In both absolute and per capita terms, healthcare spending grew substantially across Southeast Asia in recent years. According to data from the World Health Organization, per capita healthcare spending growth was particularly high in Indonesia, the Philippines and Myanmar. Growth exceeded 30% in most other Southeast Asian countries over the past four years.
As one might expect, average per capita spending in Southeast Asia remains relatively small by developed-world standards, but nonetheless leads several other developing world regions, including South Asia, Sub-Saharan Africa and the MENA region. As a region, average per capita spending in Southeast Asia grew at a healthy 37.3%, putting it roughly on par with other high-growth developing regions like South Asia and Latin America.
Despite healthy per capita spending, however, Southeast Asian countries on average spend less on healthcare as a percentage of GDP than any other region in the world. While North America and the European Union spent 17.2% and 10.2% of their GDP on healthcare respectively in 2012, Southeast Asia only spent 3.9% that same year. This is less than poorer regions like Sub-Saharan Africa and South Asia.
Of course, healthcare spending as a percentage of GDP differs materially between Southeast Asian countries. Vietnam leads the region in this regard, with 6.6% of its GDP having gone towards healthcare in 2012. Myanmar, which was formerly ruled by a military junta that prioritized military spending over most public services, lags the region by a wide margin.

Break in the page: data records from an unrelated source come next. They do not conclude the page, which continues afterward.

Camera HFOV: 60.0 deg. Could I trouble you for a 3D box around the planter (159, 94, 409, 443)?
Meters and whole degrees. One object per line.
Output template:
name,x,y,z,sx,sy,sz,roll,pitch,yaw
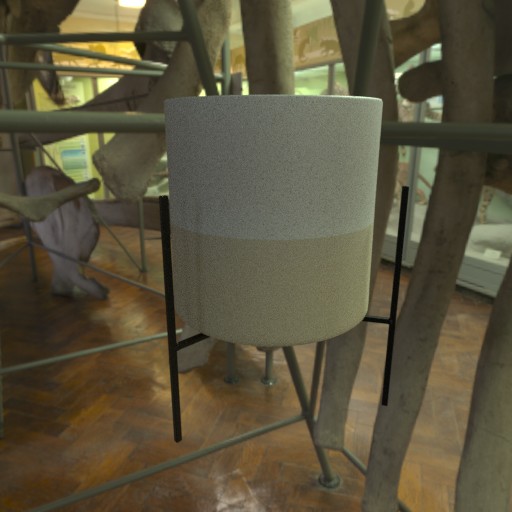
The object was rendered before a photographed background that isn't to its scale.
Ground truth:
planter,0.000,0.000,0.547,0.263,0.362,0.267,-8,19,-26
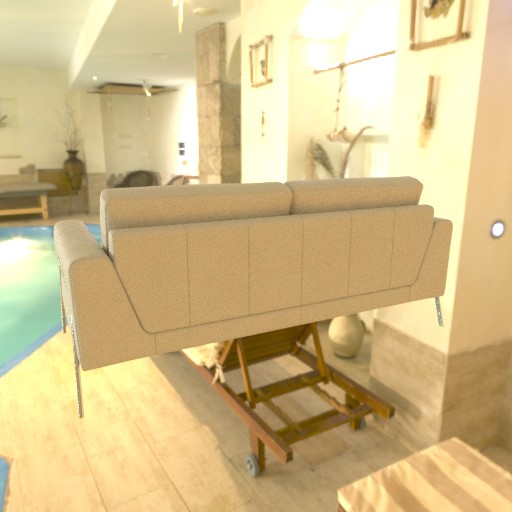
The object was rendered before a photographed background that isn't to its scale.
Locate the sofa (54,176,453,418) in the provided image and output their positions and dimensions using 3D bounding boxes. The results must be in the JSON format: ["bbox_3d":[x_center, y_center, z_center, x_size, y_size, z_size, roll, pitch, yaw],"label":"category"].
[{"bbox_3d":[0.000,0.000,2.473,2.017,0.875,0.953,-7,16,-26],"label":"sofa"}]
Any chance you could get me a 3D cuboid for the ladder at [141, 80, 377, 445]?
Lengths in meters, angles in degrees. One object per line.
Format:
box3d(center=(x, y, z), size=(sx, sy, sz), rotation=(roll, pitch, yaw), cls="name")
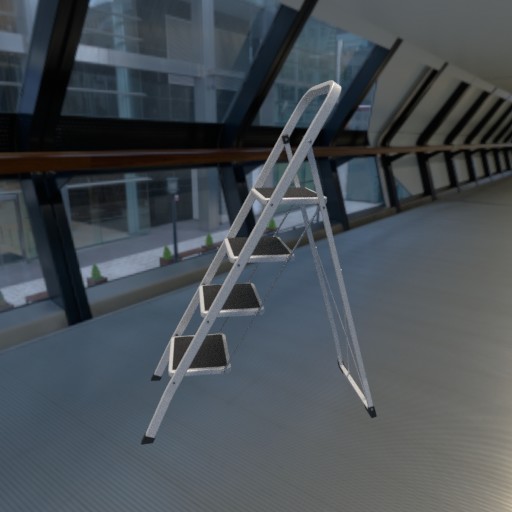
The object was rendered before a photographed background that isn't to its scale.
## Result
box3d(center=(0.000, 0.000, 1.728), size=(0.914, 1.265, 0.460), rotation=(-2, 16, -8), cls="ladder")
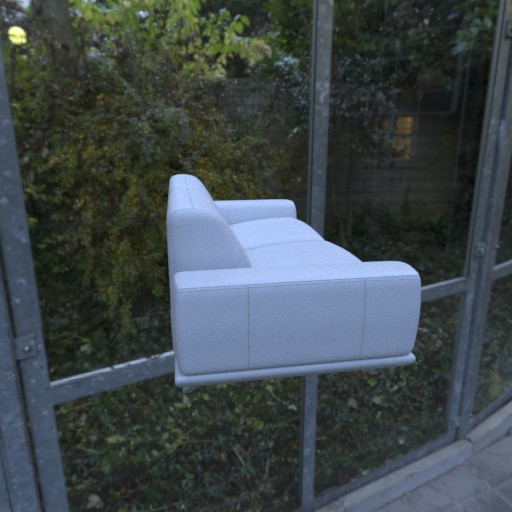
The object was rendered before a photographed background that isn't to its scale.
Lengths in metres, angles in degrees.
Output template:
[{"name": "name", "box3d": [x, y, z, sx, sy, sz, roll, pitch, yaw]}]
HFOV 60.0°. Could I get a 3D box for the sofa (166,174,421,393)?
[{"name": "sofa", "box3d": [0.000, 0.000, 2.401, 0.900, 0.772, 1.901, -3, 15, -10]}]
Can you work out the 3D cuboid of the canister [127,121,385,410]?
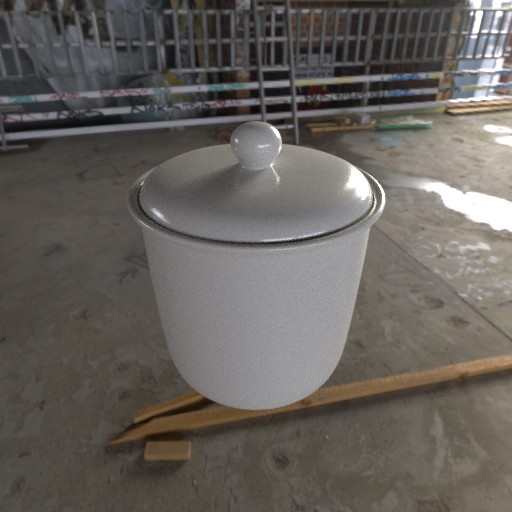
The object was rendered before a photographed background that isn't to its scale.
[{"bbox_3d":[0.000,0.000,0.351,0.182,0.208,0.182,0,31,0],"label":"canister"}]
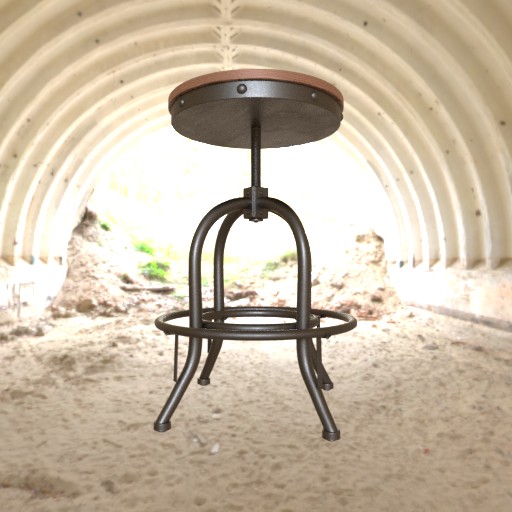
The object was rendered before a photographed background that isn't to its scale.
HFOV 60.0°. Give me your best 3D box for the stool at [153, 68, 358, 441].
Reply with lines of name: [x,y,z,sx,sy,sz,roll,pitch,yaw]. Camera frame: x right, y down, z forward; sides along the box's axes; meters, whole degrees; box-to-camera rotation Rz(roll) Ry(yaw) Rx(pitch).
stool: [0.000,0.000,0.895,0.439,0.609,0.439,1,-1,-37]
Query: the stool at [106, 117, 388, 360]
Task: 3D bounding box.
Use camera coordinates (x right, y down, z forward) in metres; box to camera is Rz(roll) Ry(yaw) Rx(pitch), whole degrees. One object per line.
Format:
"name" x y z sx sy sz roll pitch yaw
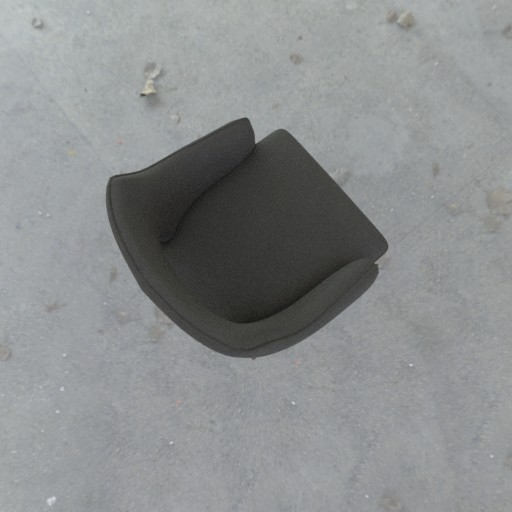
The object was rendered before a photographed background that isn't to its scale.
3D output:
"stool" 0.000 0.000 1.284 0.558 0.912 0.548 -38 79 -9
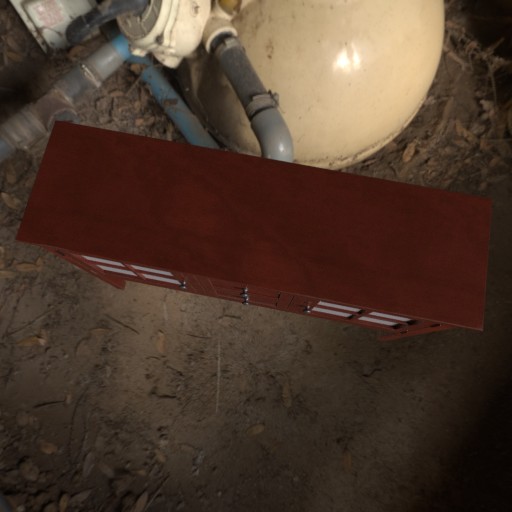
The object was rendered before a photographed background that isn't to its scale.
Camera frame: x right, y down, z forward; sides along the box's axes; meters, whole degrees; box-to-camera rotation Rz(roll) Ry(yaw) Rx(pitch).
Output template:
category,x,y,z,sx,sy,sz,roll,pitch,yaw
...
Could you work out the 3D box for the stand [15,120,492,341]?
category,x,y,z,sx,sy,sz,roll,pitch,yaw
stand,0.000,0.000,1.732,1.362,0.872,0.410,11,76,3
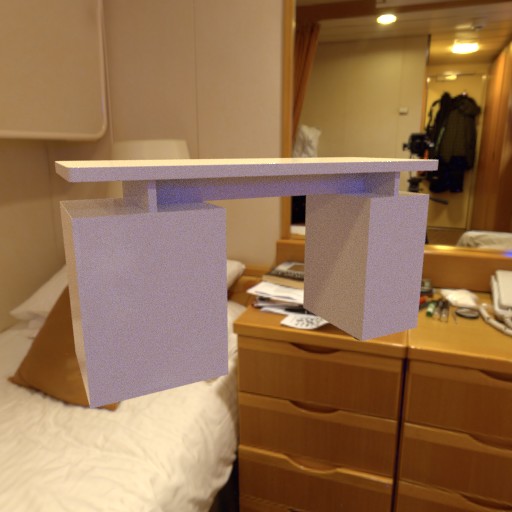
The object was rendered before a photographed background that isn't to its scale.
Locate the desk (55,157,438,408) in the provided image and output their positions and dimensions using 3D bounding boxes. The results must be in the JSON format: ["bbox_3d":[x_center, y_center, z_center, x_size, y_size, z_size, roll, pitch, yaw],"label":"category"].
[{"bbox_3d":[0.000,0.000,1.809,1.400,0.762,0.550,-7,16,-26],"label":"desk"}]
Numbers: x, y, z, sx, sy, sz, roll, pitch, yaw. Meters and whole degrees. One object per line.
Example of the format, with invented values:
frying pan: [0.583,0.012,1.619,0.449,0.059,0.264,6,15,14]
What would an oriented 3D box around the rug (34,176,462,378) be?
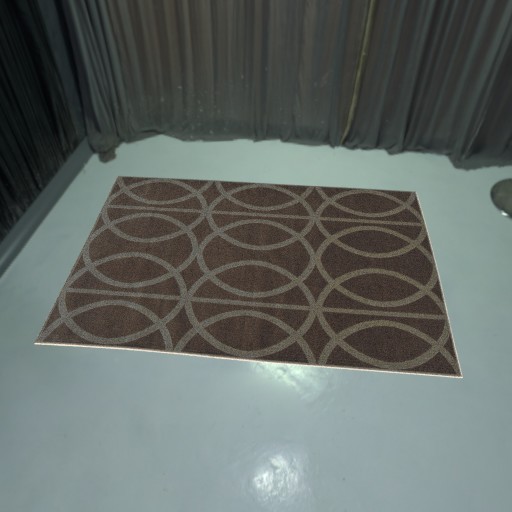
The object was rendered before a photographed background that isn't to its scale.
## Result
rug: [0.000,0.000,2.859,2.290,0.014,1.526,4,47,3]
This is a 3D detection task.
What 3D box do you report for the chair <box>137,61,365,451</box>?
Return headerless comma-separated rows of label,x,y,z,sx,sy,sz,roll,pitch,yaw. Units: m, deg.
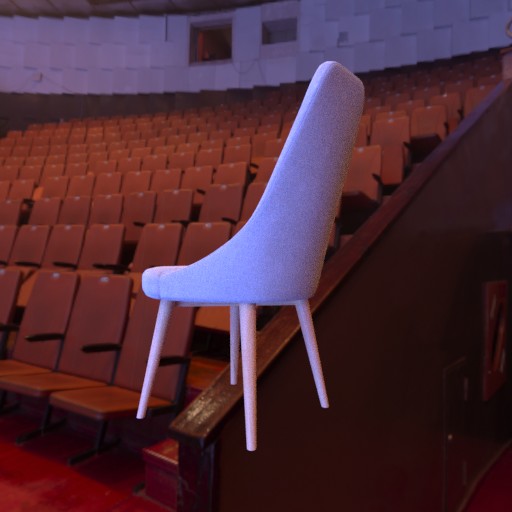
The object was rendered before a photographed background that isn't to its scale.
chair,0.000,0.000,1.432,0.660,1.040,0.510,0,0,37
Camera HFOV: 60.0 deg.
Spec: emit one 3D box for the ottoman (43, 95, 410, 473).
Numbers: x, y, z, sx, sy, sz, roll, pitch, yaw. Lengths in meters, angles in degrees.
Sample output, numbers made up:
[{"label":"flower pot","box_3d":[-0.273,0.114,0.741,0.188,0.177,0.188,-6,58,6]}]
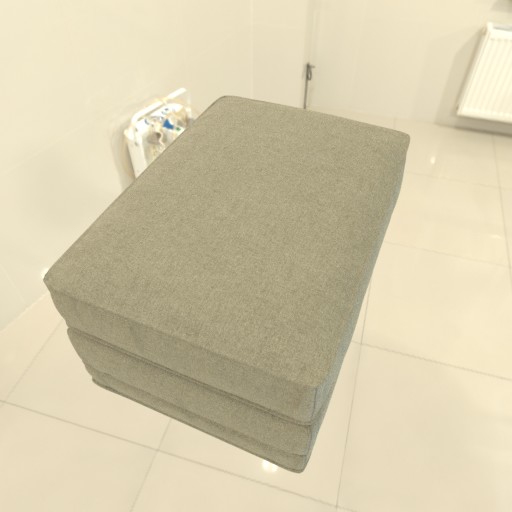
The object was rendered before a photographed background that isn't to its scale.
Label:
[{"label":"ottoman","box_3d":[0.000,0.000,1.189,0.611,0.508,0.848,18,50,16]}]
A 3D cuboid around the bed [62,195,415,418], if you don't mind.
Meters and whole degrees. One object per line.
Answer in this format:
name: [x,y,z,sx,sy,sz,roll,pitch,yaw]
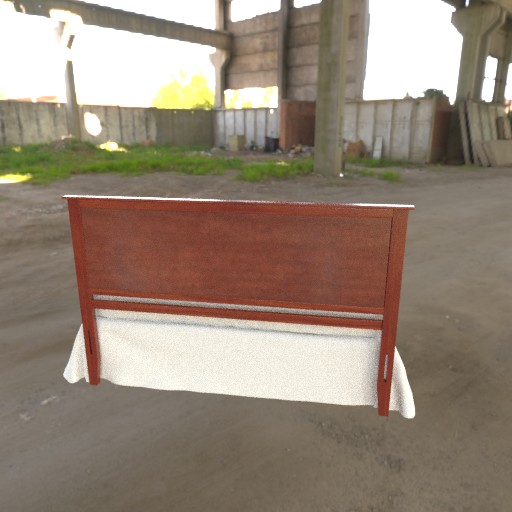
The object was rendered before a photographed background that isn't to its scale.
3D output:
bed: [0.000,0.000,3.669,2.314,1.271,2.219,3,17,10]
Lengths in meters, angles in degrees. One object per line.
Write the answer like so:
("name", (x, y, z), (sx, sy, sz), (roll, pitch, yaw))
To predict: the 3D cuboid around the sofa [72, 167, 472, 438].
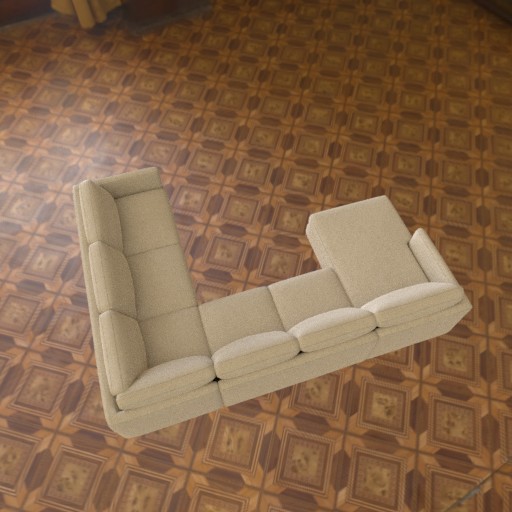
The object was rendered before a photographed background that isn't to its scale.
("sofa", (0.000, 0.000, 4.473), (3.238, 0.853, 2.551), (-16, 60, -9))
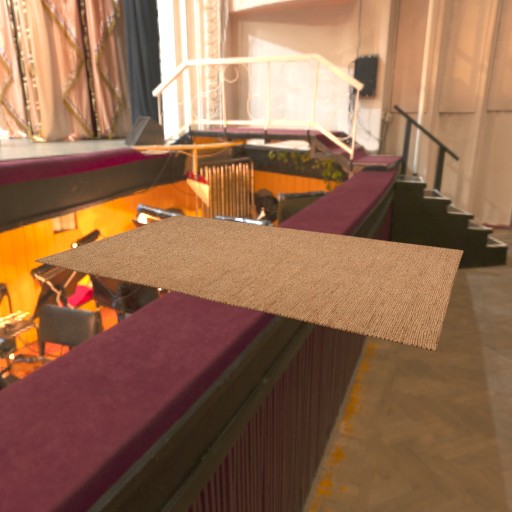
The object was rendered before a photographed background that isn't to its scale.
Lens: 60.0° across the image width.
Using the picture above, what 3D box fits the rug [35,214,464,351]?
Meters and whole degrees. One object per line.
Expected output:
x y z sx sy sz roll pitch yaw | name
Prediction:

Most other countries fall closer to the median.
At BDG, we believe that fast-growing per capita spending coupled with low overall spending as a percentage of GDP creates big opportunities for healthcare companies of virtually all types, from device manufacturers to healthcare information systems to pharmaceutical companies and everything in between. The region also has a robust medical tourism market, since countries like Singapore, Thailand and Malaysia offer high-quality services at relatively low prices for international travelers from the developed world.
In general, Southeast Asia’s consumer markets are on fire due to strong economic growth, a growing middle class and other favorable economic circumstances. These strong consumer demographics will drive demand for greater access to higher-quality healthcare services in many key markets. Of course, the opportunity differs substantially between ASEAN countries, which fall into varying income brackets and have different overall levels of economic development. Regulatory policies, entry costs, cultures and other factors are far from uniform in this diverse region.
Opportunities in the healthcare sector are offset by many challenges, including market fragmentation, regulatory changes, IP protection issues, urban-rural divides, and other barriers to entry. In future articles, BDG will explore some of the specific challenges and market forces impacting Southeast Asia’s healthcare space today.